Writing a monthly column is not always easy and, I have to admit, some months I struggle to find topics to write about. But this month, there is so much happening that I don’t know where to start!

The Budget for the City of Port Phillip for 2014/15 has been adopted by Council with an average rate increase of 4.75 per cent. Some ratepayers may pay more – or less – than the average as the rate increase has been impacted by the Municipal Revaluation. All Victorian properties were revalued with a level of valuation date of 1 January 2014. The results were independently reviewed and confirmed by the Valuer-General.

I can testify that the City of Port Phillip is managing its budget in a very effective way, delivering good value for money to its ratepayers.
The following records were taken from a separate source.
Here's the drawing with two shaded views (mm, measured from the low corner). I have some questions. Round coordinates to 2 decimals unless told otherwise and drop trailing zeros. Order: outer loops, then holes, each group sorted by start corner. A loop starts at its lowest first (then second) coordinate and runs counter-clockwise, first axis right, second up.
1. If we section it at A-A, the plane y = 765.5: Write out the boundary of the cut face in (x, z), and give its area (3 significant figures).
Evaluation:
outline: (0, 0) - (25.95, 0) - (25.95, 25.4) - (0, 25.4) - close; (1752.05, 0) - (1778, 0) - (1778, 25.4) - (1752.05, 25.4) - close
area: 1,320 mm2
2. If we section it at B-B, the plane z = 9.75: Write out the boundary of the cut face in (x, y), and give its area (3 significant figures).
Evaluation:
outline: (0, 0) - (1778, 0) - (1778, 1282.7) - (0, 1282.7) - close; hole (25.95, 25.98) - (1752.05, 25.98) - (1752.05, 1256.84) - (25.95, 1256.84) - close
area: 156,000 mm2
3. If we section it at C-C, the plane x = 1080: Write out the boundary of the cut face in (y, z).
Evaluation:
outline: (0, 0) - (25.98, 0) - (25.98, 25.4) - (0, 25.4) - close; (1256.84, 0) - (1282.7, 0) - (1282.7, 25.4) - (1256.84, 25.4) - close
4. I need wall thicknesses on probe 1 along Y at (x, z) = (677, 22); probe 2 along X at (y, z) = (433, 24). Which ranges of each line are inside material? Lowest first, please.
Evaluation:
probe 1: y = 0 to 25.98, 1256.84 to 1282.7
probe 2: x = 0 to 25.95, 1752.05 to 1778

I am pleased to report that among other things, there is $1 million set aside for the St Kilda Seaside Precinct, which covers much of the foreshore and the Triangle. I am looking forward to starting our engagement with our community on this important project – which got me elected to Council back in 2008. This is on top of the $1 million we committed to Fitzroy Street last month. We also have a fully funded St Kilda Festival for 2015 and money for a much needed master plan for the Peanut Farm, one of the most used open space in our City. Exciting times ahead.

There has been some discussion in the media about rates and value for money. Councils deliver a range of services and I am confident most Councils like ours work very hard to keep rates as low as possible while delivering the essential services their communities need.

I don’t support proposals such as capping rates to inflation as it can hinder Councils’ abilities to deliver these much-needed services.

I have just been to Nhill in country Victoria to open the regional tour of the St Kilda Film Festival. Nhill is part of the Shire of Hindmarsh, which has a friendship arrangement with Port Phillip. Their budget is far less than ours and it would be very difficult for them to fulfil all their obligations under rates capping.

One of the issues recently taken up by a newspaper is whether Councils should have sister city relationships with other cities, here or overseas. The City of Port Phillip has three arrangements in place at different levels.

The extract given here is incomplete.